> **ASSIGNMENT**
In the records below, find every line with the word "layers" and copy it.

> **Dataset excerpts**
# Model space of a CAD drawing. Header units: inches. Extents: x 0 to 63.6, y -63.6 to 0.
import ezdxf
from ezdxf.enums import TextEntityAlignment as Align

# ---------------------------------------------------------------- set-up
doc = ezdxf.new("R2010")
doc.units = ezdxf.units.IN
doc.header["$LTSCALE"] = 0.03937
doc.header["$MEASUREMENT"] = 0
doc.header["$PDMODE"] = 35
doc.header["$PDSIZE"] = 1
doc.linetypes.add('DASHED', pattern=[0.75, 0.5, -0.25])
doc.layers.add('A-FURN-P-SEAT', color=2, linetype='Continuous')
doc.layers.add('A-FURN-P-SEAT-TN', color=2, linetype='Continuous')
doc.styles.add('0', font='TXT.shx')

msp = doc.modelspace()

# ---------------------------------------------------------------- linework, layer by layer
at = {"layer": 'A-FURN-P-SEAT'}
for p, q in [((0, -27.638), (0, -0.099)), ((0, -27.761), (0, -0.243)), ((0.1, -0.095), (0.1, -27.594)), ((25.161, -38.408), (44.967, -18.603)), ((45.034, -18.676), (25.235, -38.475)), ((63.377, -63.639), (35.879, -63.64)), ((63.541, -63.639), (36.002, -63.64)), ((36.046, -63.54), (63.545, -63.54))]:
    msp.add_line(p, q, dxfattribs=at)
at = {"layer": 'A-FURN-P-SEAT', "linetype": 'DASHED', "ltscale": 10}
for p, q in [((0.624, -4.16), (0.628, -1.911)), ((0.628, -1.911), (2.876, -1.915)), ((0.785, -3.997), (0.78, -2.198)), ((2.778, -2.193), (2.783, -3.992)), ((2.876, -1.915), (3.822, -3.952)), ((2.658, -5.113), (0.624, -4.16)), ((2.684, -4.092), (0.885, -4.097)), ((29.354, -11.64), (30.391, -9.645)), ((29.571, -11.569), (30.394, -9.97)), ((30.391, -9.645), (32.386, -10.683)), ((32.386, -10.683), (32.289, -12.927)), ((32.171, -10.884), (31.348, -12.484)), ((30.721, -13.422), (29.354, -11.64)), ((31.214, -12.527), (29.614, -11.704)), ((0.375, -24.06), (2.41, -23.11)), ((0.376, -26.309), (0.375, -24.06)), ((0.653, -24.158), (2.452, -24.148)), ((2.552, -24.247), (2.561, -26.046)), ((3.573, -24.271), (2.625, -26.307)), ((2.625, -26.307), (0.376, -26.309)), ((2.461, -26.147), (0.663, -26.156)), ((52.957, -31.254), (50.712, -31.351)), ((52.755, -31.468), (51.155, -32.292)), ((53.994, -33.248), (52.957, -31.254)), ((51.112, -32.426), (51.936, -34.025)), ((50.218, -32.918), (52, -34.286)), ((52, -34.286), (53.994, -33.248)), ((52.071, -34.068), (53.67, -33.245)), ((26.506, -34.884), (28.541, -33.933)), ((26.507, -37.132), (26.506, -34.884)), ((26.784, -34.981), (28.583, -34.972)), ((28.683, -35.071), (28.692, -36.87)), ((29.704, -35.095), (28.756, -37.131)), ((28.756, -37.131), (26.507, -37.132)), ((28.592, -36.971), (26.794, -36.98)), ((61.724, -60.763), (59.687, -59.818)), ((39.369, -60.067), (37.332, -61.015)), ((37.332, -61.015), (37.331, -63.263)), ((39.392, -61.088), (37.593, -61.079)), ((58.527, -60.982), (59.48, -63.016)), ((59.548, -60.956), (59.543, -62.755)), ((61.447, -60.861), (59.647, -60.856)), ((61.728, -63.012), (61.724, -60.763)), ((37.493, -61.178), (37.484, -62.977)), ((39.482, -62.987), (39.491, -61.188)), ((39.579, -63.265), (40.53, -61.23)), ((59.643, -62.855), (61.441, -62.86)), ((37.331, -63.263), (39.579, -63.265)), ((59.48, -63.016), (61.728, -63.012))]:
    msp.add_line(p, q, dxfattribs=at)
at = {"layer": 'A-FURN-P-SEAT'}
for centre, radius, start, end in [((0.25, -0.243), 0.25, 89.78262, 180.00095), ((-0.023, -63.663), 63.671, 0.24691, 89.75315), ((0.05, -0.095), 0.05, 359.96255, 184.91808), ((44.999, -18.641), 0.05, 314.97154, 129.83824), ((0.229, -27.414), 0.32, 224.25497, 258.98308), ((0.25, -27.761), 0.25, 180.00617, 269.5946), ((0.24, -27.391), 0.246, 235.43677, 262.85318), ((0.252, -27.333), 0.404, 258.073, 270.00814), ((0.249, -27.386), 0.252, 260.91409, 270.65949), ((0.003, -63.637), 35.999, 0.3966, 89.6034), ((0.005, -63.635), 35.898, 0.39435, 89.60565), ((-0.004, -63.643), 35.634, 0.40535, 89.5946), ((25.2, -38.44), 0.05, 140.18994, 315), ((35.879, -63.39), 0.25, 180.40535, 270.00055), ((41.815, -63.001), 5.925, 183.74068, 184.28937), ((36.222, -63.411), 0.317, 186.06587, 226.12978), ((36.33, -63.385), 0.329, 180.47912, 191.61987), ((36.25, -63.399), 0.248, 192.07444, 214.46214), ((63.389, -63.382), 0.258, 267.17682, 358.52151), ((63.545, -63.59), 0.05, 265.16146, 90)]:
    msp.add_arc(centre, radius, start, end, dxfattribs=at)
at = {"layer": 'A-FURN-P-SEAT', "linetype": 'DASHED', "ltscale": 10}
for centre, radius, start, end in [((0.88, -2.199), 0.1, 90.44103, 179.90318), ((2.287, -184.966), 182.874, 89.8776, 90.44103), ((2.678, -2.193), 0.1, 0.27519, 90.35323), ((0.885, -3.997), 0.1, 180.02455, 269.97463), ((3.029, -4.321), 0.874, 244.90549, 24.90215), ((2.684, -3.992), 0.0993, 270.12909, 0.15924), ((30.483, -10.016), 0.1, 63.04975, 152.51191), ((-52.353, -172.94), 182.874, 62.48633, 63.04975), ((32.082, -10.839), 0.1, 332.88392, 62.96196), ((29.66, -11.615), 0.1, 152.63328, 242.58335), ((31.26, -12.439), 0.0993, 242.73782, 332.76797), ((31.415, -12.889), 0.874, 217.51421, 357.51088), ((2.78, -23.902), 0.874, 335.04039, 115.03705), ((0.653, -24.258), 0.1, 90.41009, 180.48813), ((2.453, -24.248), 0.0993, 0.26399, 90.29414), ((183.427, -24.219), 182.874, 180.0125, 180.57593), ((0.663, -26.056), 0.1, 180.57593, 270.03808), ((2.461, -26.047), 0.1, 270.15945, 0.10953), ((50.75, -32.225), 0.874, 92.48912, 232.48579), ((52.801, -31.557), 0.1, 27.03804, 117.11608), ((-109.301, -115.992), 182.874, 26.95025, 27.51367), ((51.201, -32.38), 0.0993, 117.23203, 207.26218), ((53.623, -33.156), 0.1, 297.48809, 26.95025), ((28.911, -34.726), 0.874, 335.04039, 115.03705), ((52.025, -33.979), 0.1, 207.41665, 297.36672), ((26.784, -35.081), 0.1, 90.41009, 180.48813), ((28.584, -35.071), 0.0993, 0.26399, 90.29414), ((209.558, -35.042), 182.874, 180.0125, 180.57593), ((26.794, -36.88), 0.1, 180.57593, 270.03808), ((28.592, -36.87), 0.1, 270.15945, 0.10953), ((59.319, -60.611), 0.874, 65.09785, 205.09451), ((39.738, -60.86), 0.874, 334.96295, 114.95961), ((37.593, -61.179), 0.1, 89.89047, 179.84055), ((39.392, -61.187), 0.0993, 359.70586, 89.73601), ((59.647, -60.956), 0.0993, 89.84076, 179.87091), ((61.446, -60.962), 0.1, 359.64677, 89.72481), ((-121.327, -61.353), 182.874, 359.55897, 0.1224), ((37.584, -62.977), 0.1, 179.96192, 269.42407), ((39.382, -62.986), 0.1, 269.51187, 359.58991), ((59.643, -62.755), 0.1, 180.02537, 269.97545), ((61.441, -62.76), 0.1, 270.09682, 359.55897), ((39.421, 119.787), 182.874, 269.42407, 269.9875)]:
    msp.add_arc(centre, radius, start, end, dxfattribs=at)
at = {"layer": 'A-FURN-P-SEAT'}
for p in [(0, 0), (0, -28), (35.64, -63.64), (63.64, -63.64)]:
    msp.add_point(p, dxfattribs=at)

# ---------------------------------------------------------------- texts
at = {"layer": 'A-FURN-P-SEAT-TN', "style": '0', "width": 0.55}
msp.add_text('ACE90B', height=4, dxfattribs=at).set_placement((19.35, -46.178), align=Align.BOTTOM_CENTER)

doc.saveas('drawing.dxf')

> **WRITTEN ANSWER**
doc.layers.add('A-FURN-P-SEAT', color=2, linetype='Continuous')
doc.layers.add('A-FURN-P-SEAT-TN', color=2, linetype='Continuous')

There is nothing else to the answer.